After downloading the STAR-CCM+ software and LeMans case file, upload them to the S3 bucket created above

aws s3 cp STAR-CCM+15.02.003_01_linux-x86_64-2.12_gnu7.1.zip s3://benchmark-starccm
aws s3 cp LeMans_104M.sim s3://benchmark-starccm/

We will use this same S3 bucket to install the Simcenter STAR-CCM+ application later in this tutorial

With all the ground work done, we can now build our HPC cluster. For more detailed instructions, you can consult Getting Started with AWS ParallelCluster.

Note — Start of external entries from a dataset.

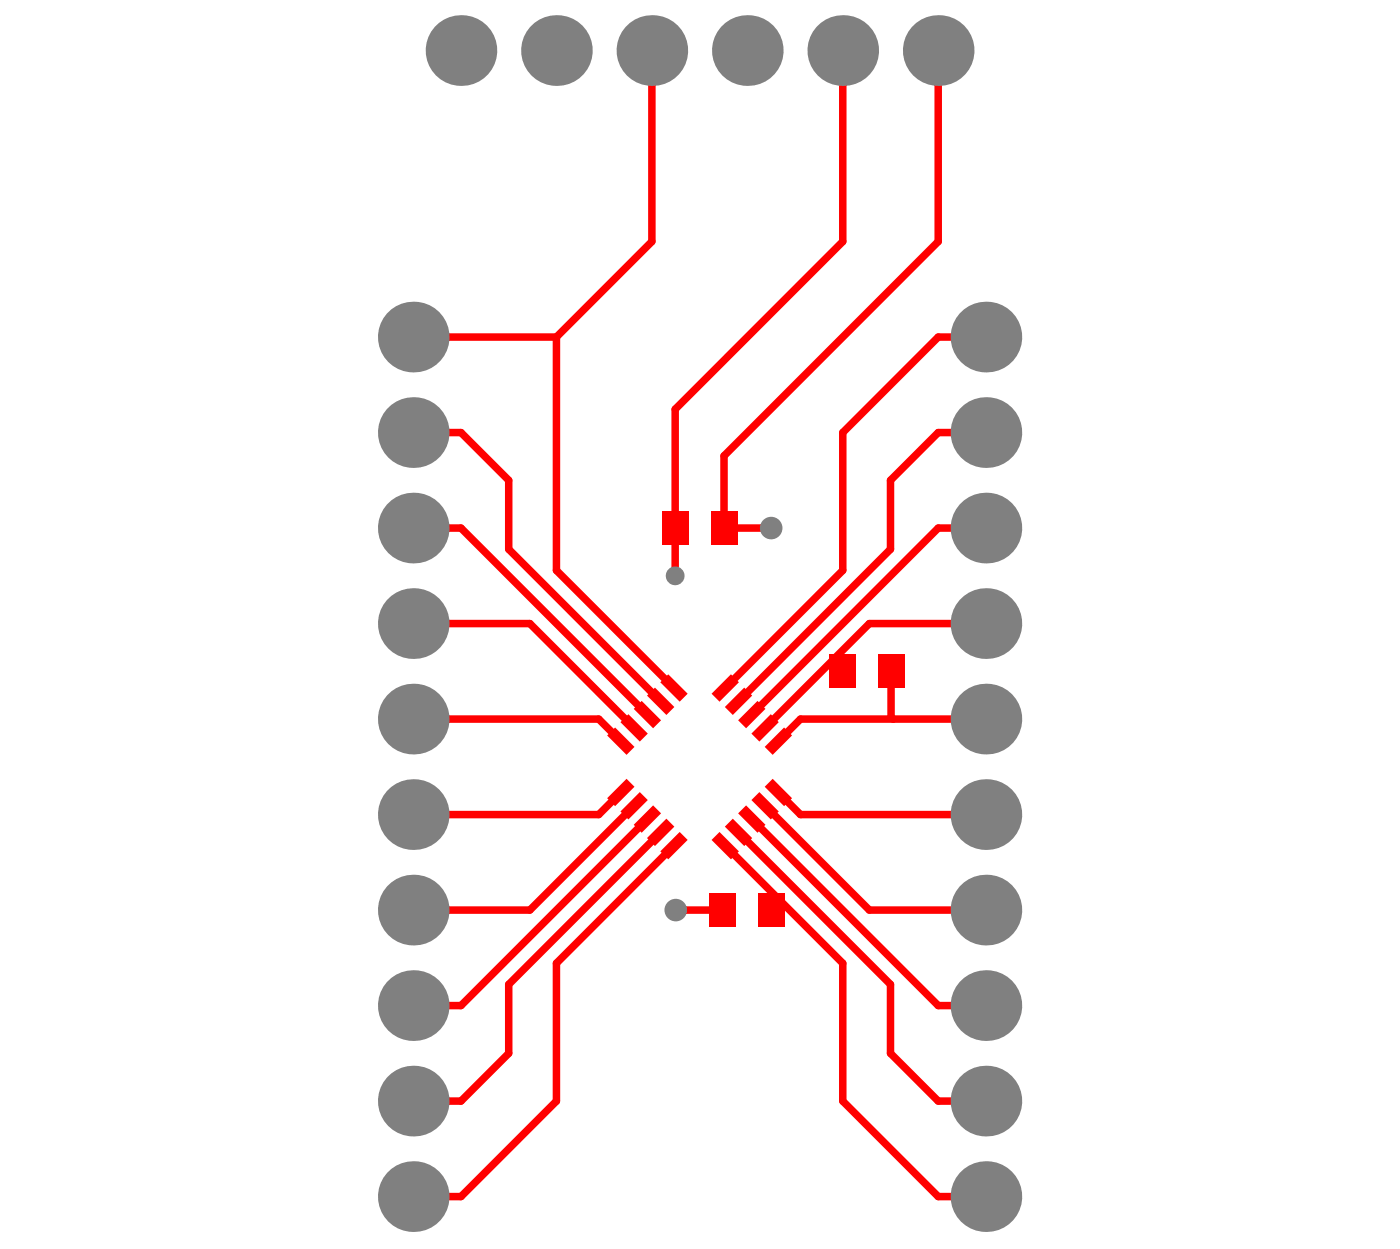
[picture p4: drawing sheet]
<svg xmlns="http://www.w3.org/2000/svg" width="124mm" height="110mm" viewBox="0 0 124 110" stroke-linecap="round" stroke-linejoin="round" font-family="sans-serif">
<g fill="none" stroke="#f00" stroke-width=".66">
<path d="M57.7 4.5v16.9l-8.5 8.4M74.5 4.5v16.9l-14.8 14.8v14.7M83 4.5v16.9l-19 18.9v6.4h4.2M36.6 29.8h12.6M36.6 38.2h4.2l4.2 4.3v6.1l13.4 13.4M49.2 29.8v20.6l10.4 10.4M87.2 29.8h-4.2l-8.5 8.4v12.2l-10.4 10.4M87.2 38.2h-4.2l-4.2 4.3v6.1l-13.5 13.4M36.6 46.7h4.2l16.5 16.5M36.6 55.1h10.3l9.2 9.2M78.8 59.3v4.1l.2 .2M87.2 55.1h-10.3l-9.2 9.2"/>
<path d="M87.2 46.7h-4.2l-16.5 16.5M36.6 63.6h16.4l1.9 1.9M54.9 70.1l-1.9 1.9h-16.4M56.1 71.2l-9.2 9.3h-10.3M57.3 72.4l-16.5 16.5h-4.2M58.4 73.6l-13.4 13.4v6.1l-4.2 4.2h-4.2M59.6 74.8l-10.4 10.4v12.1l-8.4 8.5h-4.2M64.1 74.8l10.4 10.4v12.1l8.5 8.5h4.2M65.3 73.6l13.5 13.4v6.1l4.2 4.2h4.2M66.5 72.4l16.5 16.5h4.2M67.7 71.2l9.2 9.3h10.3M68.8 70.1l2 1.9h16.4"/>
<path d="M87.2 63.6h-16.4l-2 1.9M59.8 80.5h4.1"/>
</g>
<g fill="#808080">
<circle cx="59.7" cy="50.9" r=".83"/>
<circle cx="59.8" cy="80.5" r="1"/>
<circle cx="68.2" cy="46.7" r="1"/>
<circle cx="36.6" cy="80.5" r="3.1"/>
<circle cx="36.6" cy="72" r="3.1"/>
<circle cx="36.6" cy="63.6" r="3.1"/>
<circle cx="36.6" cy="105.8" r="3.1"/>
<circle cx="36.6" cy="97.3" r="3.1"/>
<circle cx="36.6" cy="88.9" r="3.1"/>
<circle cx="87.2" cy="105.8" r="3.1"/>
<circle cx="87.2" cy="97.3" r="3.1"/>
<circle cx="87.2" cy="88.9" r="3.1"/>
<circle cx="87.2" cy="80.5" r="3.1"/>
<circle cx="87.2" cy="72" r="3.1"/>
<circle cx="87.2" cy="63.6" r="3.1"/>
<circle cx="36.6" cy="29.8" r="3.1"/>
<circle cx="36.6" cy="38.2" r="3.1"/>
<circle cx="36.6" cy="46.7" r="3.1"/>
<circle cx="36.6" cy="55.1" r="3.1"/>
<circle cx="40.8" cy="4.5" r="3.1"/>
<circle cx="49.2" cy="4.5" r="3.1"/>
<circle cx="57.7" cy="4.5" r="3.1"/>
<circle cx="66.1" cy="4.5" r="3.1"/>
<circle cx="74.5" cy="4.5" r="3.1"/>
<circle cx="83" cy="4.5" r="3.1"/>
<circle cx="87.2" cy="38.2" r="3.1"/>
<circle cx="87.2" cy="46.7" r="3.1"/>
<circle cx="87.2" cy="55.1" r="3.1"/>
<circle cx="87.2" cy="29.8" r="3.1"/>
</g>
<g fill="#f00">
<path d="M58.6 45.2h2.3v3h-2.3z" fill-rule="evenodd"/>
<path d="M62.9 45.2h2.3v3h-2.3z" fill-rule="evenodd"/>
<path d="M73.3 57.9h2.4v2.9h-2.4z" fill-rule="evenodd"/>
<path d="M77.6 57.9h2.4v2.9h-2.4z" fill-rule="evenodd"/>
<path d="M67.1 79h2.3v3h-2.3z" fill-rule="evenodd"/>
<path d="M62.8 79h2.3v3h-2.3z" fill-rule="evenodd"/>
<path d="M64.7 59.6l.7 .7-1.8 1.7-.7-.7z" fill-rule="evenodd"/>
<path d="M65.8 60.8l.7 .7-1.7 1.7-.7-.7z" fill-rule="evenodd"/>
<path d="M67 62l.7 .7-1.7 1.7-.7-.7z" fill-rule="evenodd"/>
<path d="M68.2 63.1l.7 .7-1.7 1.8-.7-.7z" fill-rule="evenodd"/>
<path d="M69.4 64.3l.7 .7-1.8 1.7-.7-.7z" fill-rule="evenodd"/>
<path d="M68.3 68.9l1.8 1.7-.7 .7-1.8-1.7z" fill-rule="evenodd"/>
<path d="M67.2 70l1.7 1.7-.7 .7-1.7-1.7z" fill-rule="evenodd"/>
<path d="M66 71.2l1.7 1.7-.7 .7-1.7-1.7z" fill-rule="evenodd"/>
<path d="M64.8 72.4l1.7 1.7-.7 .7-1.7-1.7z" fill-rule="evenodd"/>
<path d="M63.6 73.6l1.8 1.7-.7 .7-1.8-1.7z" fill-rule="evenodd"/>
<path d="M60.1 73.5l.7 .8-1.7 1.7-.7-.7z" fill-rule="evenodd"/>
<path d="M58.9 72.4l.7 .7-1.7 1.7-.7-.7z" fill-rule="evenodd"/>
<path d="M57.8 71.2l.7 .7-1.7 1.7-.8-.7z" fill-rule="evenodd"/>
<path d="M56.6 70l.7 .7-1.7 1.7-.7-.7z" fill-rule="evenodd"/>
<path d="M55.4 68.8l.7 .8-1.7 1.7-.7-.7z" fill-rule="evenodd"/>
<path d="M54.4 64.3l1.7 1.7-.7 .7-1.7-1.7z" fill-rule="evenodd"/>
<path d="M55.6 63.1l1.7 1.8-.7 .7-1.7-1.8z" fill-rule="evenodd"/>
<path d="M56.8 62l1.7 1.7-.7 .7-1.8-1.7z" fill-rule="evenodd"/>
<path d="M57.9 60.8l1.7 1.7-.7 .7-1.7-1.7z" fill-rule="evenodd"/>
<path d="M59.1 59.6l1.7 1.7-.7 .7-1.7-1.7z" fill-rule="evenodd"/>
</g>
</svg>

Install AWS ParallelCluster

pip install aws-parallelcluster

Configure AWS ParallelCluster with some basic network information such as AWS Region ID, VPC ID, Subnet ID

pcluster configure

Modify your ~/.parallelcluster/config file to include a cluster section that minimally includes the following:

[aws]
aws_region_name = us-east-2

[cluster default]
vpc_settings = public
key_name = <Key-Name>
initial_queue_size = 2
max_queue_size = 100
maintain_initial_size = true
placement_group = DYNAMIC
placement = cluster
master_instance_type = c5.xlarge
compute_instance_type = c5n.18xlarge
cluster_type = ondemand

base_os = centos7
tags = {"Name" : "STARCCM"}

enable_efa = compute
fsx_settings = fsxshared
disable_hyperthreading = true

dcv_settings = hpc-dcv

[vpc public]
master_subnet_id = subnet-<Subnet-ID>
vpc_id = vpc-<VPC-ID>

[global]
update_check = true
sanity_check = true
cluster_template = default

[dcv hpc-dcv]

enable = master

[fsx fsxshared]
shared_dir = /fsx
storage_capacity = 1200
imported_file_chunk_size = 1024
import_path = s3://benchmark-starccm

export_path = s3://benchmark-starccm

[aliases]
ssh = ssh {CFN_USER}@{MASTER_IP} {ARGS}

Now, create your first HPC cluster with the name starccmby running

pcluster create starccm

Your HPC cluster should be ready in about 15 minutes.

While you’re waiting for your cluster to be ready, let’s take a deeper look at what some of the different parameters we used mean for our HPC cluster:

initial_queue_size: We will start with two compute instances after the HPC cluster is up.

max_queue_size: We will limit the maximum compute fleet to 100 instances. This allows us room to scale our jobs up to a large number of cores while putting a limit on the number of compute nodes to help control costs.

base_os: For this blog, we will select centos 7 as a base os. Currently we support Amazon Linux (alinux), Centos 7 (centos7), Ubuntu 16.04 (ubuntu1604), and Ubuntu 18.04 (ubuntu1804) with EFA.

master_instance_type: This can be any instance type. Here we choose c5.xlarge because it is inexpensive and relatively fast for the head node.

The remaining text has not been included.